Given an array of size N, I need to find the minimum number of values ​​that will be summed within the range of min and max.

For example: consider an array [1,2,3,4,5]. I need to find the minimum number of values ​​from this array, the sum of which is more than 5 and less than 8. Ans: since 1 + 5 is more than 5 and less than 8, so the minimum number of values ​​is 2, therefore, the answer.

And below, my function implements the logic.
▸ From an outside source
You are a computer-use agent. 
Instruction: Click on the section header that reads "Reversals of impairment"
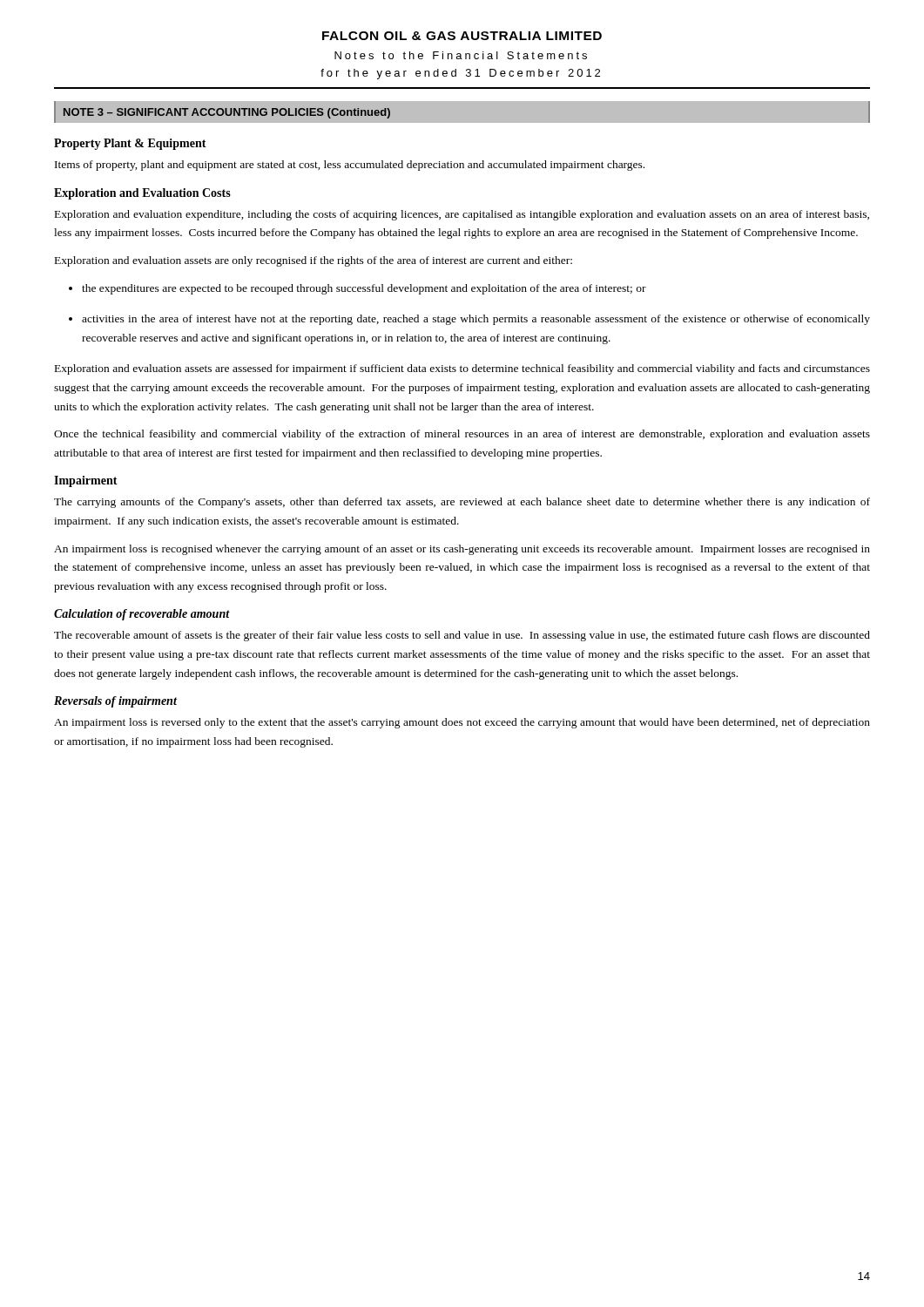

int void CheckValue() { for (i = 0; i <5; i++) if (a[i] > min && a[i] < max) return 1; for (i = 0; i< 4; i++) for (j = i + 1; j < 5; j++) if (a[i] + a[j] > min && a[i] + a[j] < max) return 2; for (i = 0; i < 3; i++) for (j = i + 1; j < 4; j++) for (k = j+1; k < 5; k++) if (a[i] + a[j] + a[k] > min && a[i] + a[j] + a[k] < max) return 3; for (i = 0; i < 2; i++) for (j = i + 1; j< 3; j++) for (k = j + 1; k< 4; k++) for (l = k + 1; l < 5; l++) if (a[i] + a[j] + a[k] + a[l] > min && a[i] + a[j] + a[k] + a[l] < max) return 4; if(a[0]+a[1]+a[2]+a[3]+a[4]>min && a[0]+a[1]+a[2]+a[3]+a[4]<max) return 5; return 0; }

It works great, but the problem is its complexity. Can anyone give any suggestions for optimizing this code further or provide better logic for implementing this.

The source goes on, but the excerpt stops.